Data extracted from a collection:
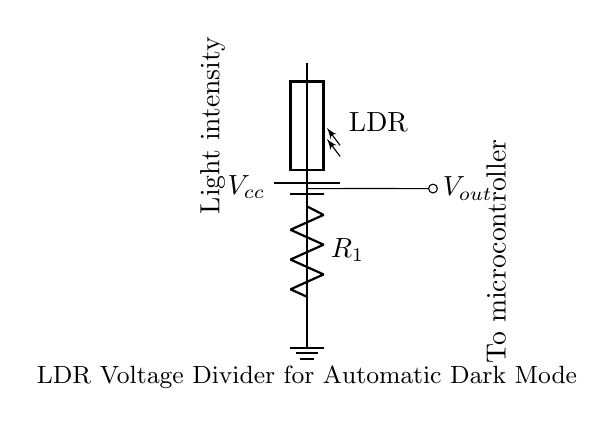What is the power supply voltage in this circuit? The power supply voltage is marked as Vcc on the battery component in the diagram.
Answer: Vcc What component is labelled as LDR? The component that is being identified as LDR in the diagram is specifically the photoresistor connected to the circuit, responsible for varying resistance based on light intensity.
Answer: LDR What is the purpose of the fixed resistor in this circuit? The fixed resistor, labelled as R1, is part of the voltage divider configuration, helping to set the output voltage based on the LDR's resistance in relation to the light intensity.
Answer: Voltage division How is the output voltage taken from the circuit? The output voltage, labelled as Vout, is taken from the node between the LDR and the fixed resistor, where the voltage will vary according to the light intensity sensed by the LDR.
Answer: From the node What happens to the output voltage when light intensity decreases? When light intensity decreases, the resistance of the LDR increases, causing the output voltage to increase due to a greater voltage drop across the LDR in the voltage divider setup.
Answer: Output voltage increases Explain the role of the microcontroller in this circuit. The microcontroller receives the output voltage (Vout) from the voltage divider, allowing it to determine ambient light levels and adjust the web application's mode (such as switching to dark mode) based on the light detected.
Answer: Control dark mode

TASK ITEM: Only a number should be given: the count of lines above that contain the word "mode".

EXERCISE OUTPUT: 2